The performance issue of the original implementation is mostly because it needs to expand all intermediate variables to perform the different activation functions. For a layer with in_features input and out_features output, the original implementation needs to expand the input to a tensor with shape (batch_size, out_features, in_features) to perform the activation functions. However, all activation functions are linear combination of a fixed set of basis functions which are B-splines; given that, we can reformulate the computation as activate the input with different basis functions and then combine them linearly. This reformulation can significantly reduce the memory cost and make the computation a straightforward matrix multiplication, and works with both forward and backward pass naturally.

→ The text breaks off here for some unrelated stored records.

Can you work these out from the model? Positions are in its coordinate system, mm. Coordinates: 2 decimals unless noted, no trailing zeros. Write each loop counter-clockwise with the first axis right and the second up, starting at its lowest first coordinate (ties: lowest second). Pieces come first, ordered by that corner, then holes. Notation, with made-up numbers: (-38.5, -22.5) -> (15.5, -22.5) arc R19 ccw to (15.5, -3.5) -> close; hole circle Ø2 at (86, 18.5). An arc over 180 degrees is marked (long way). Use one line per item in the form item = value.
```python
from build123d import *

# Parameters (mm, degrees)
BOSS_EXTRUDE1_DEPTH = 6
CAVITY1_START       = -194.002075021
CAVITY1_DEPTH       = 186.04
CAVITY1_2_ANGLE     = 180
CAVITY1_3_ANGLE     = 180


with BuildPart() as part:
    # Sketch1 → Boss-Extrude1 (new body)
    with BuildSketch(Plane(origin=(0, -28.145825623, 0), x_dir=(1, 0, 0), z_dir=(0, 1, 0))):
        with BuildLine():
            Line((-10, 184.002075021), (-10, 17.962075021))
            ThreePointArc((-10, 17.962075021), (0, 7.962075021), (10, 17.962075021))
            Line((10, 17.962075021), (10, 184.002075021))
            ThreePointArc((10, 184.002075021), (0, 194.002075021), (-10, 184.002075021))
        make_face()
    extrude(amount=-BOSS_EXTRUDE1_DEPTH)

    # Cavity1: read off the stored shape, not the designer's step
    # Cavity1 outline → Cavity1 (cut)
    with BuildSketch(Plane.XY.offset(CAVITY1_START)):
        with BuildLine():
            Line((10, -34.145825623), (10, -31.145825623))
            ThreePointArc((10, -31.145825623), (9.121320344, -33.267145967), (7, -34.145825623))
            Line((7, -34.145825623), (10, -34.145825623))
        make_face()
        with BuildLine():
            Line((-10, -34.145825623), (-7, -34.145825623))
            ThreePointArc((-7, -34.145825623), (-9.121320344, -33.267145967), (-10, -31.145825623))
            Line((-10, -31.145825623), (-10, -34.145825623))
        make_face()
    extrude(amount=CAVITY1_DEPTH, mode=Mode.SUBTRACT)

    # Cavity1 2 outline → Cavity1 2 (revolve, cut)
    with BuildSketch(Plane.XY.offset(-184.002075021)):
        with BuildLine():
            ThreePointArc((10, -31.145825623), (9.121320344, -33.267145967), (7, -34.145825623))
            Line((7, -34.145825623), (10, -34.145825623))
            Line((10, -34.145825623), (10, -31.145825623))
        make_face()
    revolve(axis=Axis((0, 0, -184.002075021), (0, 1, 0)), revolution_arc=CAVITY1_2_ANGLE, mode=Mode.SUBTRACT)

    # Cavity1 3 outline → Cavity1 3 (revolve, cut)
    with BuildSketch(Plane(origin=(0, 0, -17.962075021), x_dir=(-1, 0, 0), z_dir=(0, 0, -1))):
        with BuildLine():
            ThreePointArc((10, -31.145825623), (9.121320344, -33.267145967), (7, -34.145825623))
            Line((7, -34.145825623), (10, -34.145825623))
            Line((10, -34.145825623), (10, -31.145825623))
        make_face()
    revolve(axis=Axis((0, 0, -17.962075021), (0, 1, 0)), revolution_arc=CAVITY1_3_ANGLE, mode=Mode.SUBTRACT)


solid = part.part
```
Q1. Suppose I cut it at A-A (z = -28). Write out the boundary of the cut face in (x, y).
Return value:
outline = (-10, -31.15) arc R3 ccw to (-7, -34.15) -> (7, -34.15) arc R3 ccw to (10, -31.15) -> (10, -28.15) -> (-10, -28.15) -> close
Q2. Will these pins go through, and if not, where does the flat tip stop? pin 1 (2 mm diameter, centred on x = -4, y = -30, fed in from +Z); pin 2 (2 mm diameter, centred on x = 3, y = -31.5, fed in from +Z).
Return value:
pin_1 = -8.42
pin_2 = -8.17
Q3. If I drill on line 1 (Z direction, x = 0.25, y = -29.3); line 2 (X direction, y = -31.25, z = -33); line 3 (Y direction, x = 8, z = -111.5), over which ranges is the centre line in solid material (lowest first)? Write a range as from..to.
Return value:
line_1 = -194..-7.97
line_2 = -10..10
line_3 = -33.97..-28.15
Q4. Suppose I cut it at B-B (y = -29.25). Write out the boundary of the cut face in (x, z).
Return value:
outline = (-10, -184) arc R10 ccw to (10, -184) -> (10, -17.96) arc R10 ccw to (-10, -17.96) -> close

The problem is in the sparsification which is claimed to be critical to KAN's interpretability. The authors proposed a L1 regularization defined on the input samples, which requires non-linear operations on the (batch_size, out_features, in_features) tensor, and is thus not compatible with the reformulation. I instead replace the L1 regularization with a L1 regularization on the weights, which is more common in neural networks and is compatible with the reformulation. The author's implementation indeed include this kind of regularization alongside the one described in the paper as well, so I think it might help. More experiments are needed to verify this; but at least the original approach is infeasible if efficiency is wanted.

Another difference is that, beside the learnable activation functions (B-splines), the original implementation also includes a learnable scale on each activation function. I provided an option enable_standalone_scale_spline that defaults to True to include this feature; disable it will make the model more efficient, but potentially hurts results. It needs more experiments.

2024-05-04 Update: @xiaol hinted that the constant initialization of base_weight parameters can be a problem on MNIST. For now I've changed both the base_weight and spline_scaler matrices to be initialized with kaiming_uniform_, following nn.Linear's initialization. It seems to work much much better on MNIST (~20% to ~97%), but I'm not sure if it's a good idea in general.